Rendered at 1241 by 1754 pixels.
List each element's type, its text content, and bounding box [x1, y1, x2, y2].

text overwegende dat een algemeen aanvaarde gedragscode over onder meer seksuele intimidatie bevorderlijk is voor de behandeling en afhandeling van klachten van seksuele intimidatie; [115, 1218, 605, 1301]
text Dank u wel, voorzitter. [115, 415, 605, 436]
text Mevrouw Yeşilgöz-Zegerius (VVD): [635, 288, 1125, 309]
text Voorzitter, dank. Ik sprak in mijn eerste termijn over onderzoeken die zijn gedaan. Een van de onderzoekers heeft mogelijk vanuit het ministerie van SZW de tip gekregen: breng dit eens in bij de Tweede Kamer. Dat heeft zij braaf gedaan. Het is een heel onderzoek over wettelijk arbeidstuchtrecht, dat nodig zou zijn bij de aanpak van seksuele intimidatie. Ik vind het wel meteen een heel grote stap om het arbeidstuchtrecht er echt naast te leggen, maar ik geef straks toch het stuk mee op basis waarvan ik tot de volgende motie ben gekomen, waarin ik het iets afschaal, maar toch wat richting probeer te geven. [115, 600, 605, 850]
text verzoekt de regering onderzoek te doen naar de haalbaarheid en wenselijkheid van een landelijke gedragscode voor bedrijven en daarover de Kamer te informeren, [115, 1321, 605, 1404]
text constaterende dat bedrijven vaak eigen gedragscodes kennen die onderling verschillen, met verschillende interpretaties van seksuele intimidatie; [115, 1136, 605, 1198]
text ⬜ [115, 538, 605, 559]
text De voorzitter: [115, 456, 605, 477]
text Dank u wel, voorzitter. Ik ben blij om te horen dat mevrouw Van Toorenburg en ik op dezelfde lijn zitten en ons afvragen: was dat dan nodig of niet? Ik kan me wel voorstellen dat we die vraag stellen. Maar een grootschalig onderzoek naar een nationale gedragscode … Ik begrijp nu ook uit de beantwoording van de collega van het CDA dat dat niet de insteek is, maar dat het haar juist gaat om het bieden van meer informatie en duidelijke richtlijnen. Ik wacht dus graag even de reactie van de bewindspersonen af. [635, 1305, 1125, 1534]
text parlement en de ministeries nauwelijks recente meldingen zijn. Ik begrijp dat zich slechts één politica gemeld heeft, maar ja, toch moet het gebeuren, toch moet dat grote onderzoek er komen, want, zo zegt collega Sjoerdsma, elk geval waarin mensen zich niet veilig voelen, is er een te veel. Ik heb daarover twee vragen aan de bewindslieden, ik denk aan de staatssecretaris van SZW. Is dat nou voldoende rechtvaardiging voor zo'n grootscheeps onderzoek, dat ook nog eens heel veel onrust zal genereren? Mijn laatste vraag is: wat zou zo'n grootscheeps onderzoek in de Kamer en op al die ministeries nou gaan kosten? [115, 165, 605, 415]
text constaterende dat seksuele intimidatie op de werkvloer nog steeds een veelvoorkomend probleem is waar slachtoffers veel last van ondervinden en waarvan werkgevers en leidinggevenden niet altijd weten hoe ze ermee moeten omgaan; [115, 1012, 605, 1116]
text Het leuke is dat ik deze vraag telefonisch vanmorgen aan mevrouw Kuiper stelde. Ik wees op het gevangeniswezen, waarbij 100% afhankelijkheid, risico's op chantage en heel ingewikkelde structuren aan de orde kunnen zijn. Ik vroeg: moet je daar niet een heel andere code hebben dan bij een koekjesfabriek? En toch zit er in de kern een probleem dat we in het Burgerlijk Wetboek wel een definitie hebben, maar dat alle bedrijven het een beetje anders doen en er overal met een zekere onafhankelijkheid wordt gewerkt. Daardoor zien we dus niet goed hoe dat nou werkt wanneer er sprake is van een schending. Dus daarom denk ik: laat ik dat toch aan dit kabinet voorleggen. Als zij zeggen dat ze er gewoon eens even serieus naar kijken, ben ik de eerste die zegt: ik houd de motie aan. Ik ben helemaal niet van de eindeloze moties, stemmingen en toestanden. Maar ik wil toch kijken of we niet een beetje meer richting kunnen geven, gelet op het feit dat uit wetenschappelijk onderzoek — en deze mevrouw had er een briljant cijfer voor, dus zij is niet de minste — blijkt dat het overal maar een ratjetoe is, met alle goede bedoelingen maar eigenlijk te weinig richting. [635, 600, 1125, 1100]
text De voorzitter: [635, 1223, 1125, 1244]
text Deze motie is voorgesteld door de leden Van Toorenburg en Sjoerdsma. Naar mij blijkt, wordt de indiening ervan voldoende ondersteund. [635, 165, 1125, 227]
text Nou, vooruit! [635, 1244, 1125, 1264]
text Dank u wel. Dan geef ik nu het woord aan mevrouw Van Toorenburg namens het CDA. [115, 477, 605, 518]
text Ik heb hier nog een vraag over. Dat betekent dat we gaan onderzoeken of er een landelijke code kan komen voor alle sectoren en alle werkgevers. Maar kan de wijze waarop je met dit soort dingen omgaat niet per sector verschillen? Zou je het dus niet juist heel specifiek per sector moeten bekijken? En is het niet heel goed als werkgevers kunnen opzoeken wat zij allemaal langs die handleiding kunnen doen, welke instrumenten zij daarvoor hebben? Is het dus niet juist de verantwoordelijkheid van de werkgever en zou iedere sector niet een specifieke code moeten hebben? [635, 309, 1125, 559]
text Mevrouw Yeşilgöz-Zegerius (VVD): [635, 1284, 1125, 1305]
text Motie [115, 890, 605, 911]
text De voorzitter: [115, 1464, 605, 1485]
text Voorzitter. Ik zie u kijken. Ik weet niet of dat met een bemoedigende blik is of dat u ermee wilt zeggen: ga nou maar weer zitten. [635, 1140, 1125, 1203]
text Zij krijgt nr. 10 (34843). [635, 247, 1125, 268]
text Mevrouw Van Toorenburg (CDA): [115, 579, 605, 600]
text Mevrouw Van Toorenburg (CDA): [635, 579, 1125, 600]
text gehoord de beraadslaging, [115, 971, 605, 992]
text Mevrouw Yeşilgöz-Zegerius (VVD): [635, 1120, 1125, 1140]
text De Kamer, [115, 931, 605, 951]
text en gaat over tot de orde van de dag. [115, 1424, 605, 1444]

***

Task prompt: Give back the records word for word. Start at the first line, end at the line containing "text Mevrouw Yeşilgöz-Zegerius (VVD): [635, 288, 1125, 309]", and include both.

Answer section:
Rendered at 1241 by 1754 pixels.
List each element's type, its text content, and bounding box [x1, y1, x2, y2].

text overwegende dat een algemeen aanvaarde gedragscode over onder meer seksuele intimidatie bevorderlijk is voor de behandeling en afhandeling van klachten van seksuele intimidatie; [115, 1218, 605, 1301]
text Dank u wel, voorzitter. [115, 415, 605, 436]
text Mevrouw Yeşilgöz-Zegerius (VVD): [635, 288, 1125, 309]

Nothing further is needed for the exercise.